What was also remarkable about the IGY was that it gave amateur scientists an opportunity to contribute data and observations along with their professional counterparts. Ham radio operators, meteor spotters, and weather observers participated in IGY-related activities and stimulated interest among ordinary citizens to explore science’s seemingly endless frontier. War-surplus equipment, commercially-available science kits, and a knack for constructing their own equipment enabled amateurs’ pursuits. The community of amateur scientists blossomed during the heyday of the IGY.

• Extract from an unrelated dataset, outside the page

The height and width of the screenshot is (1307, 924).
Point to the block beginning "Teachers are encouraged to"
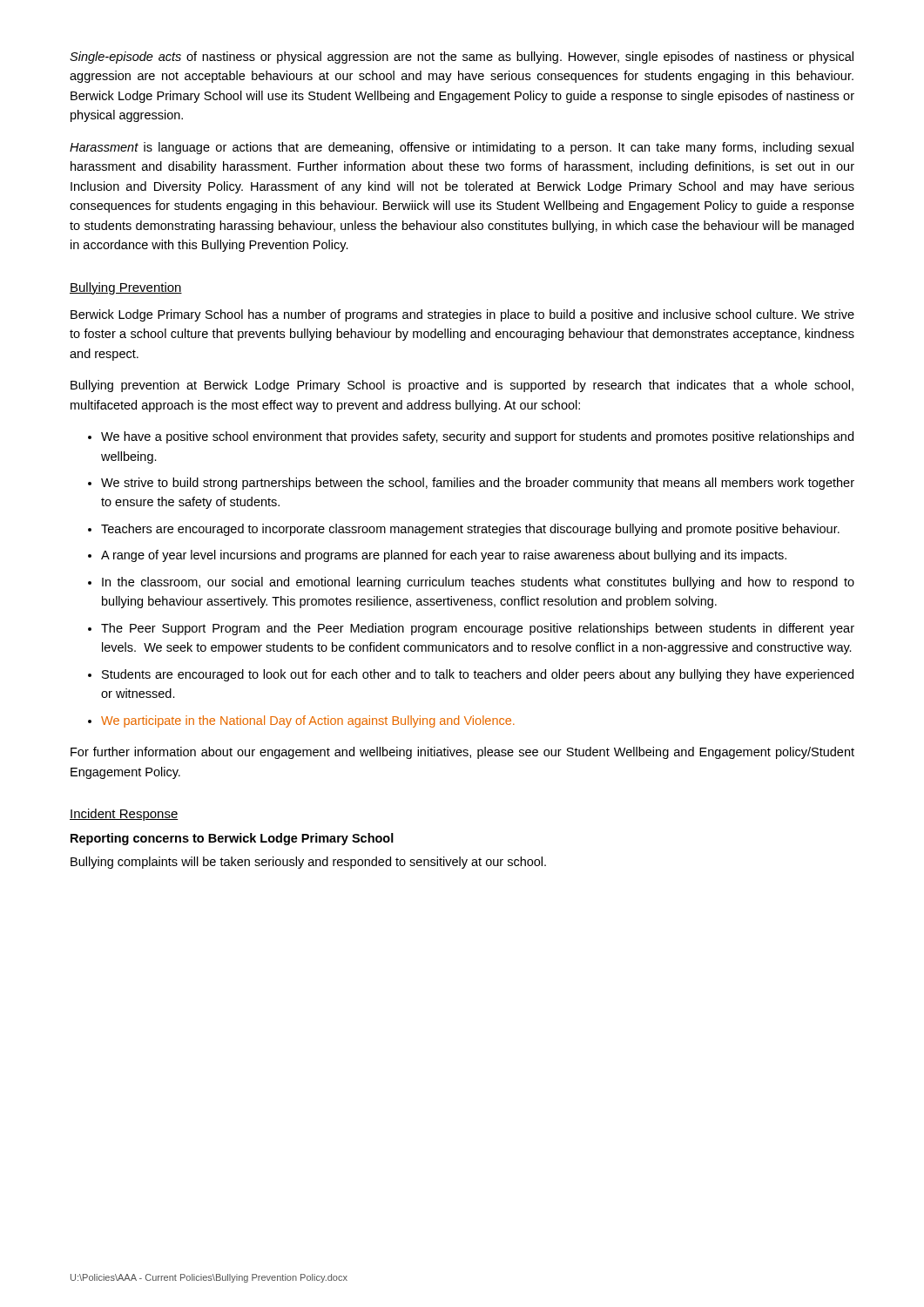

The Smithsonian Astrophysical Observatory organized Operation Moonwatch in 1956 as part of the IGY. Its initial goal was to enlist the aid of amateur astronomers and other citizens who would help “real” scientists spot satellites. However, until professionally-manned stations came on-line in 1958, this network of amateur scientists and other interested citizens played a critical role in providing crucial tracking information regarding the world’s first satellites.
The IGY’s Big Science produced a whopping amount of what today would be called Big Data. Nightly observations from Moonwatchers were just one rivulet contributing to the river of data that flowed to one of several World Data Centers created just for the IGY. Several of these centers were set up to receive only a certain type of data. Information about geomagnetism went to Denmark and Japan while glaciology info went to the United Kingdom, for instance. Only the United States and the USSR received the full run of IGY data. Because the IGY was conceived as a global project aimed at synoptic observations over 18 months, handling the flow of data posed a considerable test for project scientists.
Dealing with this Big Data was made more challenging because the IGY’s, nominally a civilian activity, also had military implications. Launching satellite-carrying rockets was just the most obvious manifestation of this. Polar exploration, upper atmospheric studies, oceanographic circulation – all of this data could potentially benefit Cold Warriors in the US and Soviet Union.
This dual-use data raised questions about its circulation. Elementary data was, according to one IGY leader in the U.S, “the building blocks of scientific progress” but its end use might have national security implications.
Moreover, there were contentious issues around the sharing of data. At one point, Soviet scientists boasted to the USSR’s Central Committee that they were receiving far more IGY information from the West than they were sending back. During the IGY, data became a particular form of currency,with its own exchange rate, among researchers.
Looking beyond the national security state, data regimes established during the IGY had a long life. A recent article by Elena Aronova, Karen Baker, and Naomi Oreskes connects the Big Data practices of the IGY with later efforts such as the International Biological Program, a decade-long initiative that was seen by advocates as a way of bringing Big Science-style research to ecology. The IBP’s success was limited but it paved the way for today’s Long-Term Ecological Research program used by ecologists today. As Aronova & company note, Big Data collection – typically associated with fields like physics – also “achieved legitimacy” in other areas like biology during the IGY and became an accepted way of doing research.
Today, Big Data is hailed, hyped, and hated. The practice among small social media companies and giants like Amazon can be summarized as “monitor, manage, and monetize.” For scientists, Big Data is a nebulous term used to describe the creation of massive data archives which are then searched in anticipation of finding new patterns and relationships.
But an overabundance of data, in fact, has long presented scientific communities with tremendous challenges. Where once scientists complained that they did not have enough data, it’s now routine for them to worry about it drowning them. One major headwater for the today’s data surge (or, flood, deluge, pick your metaphor) of scientific data started to flow 57 years ago.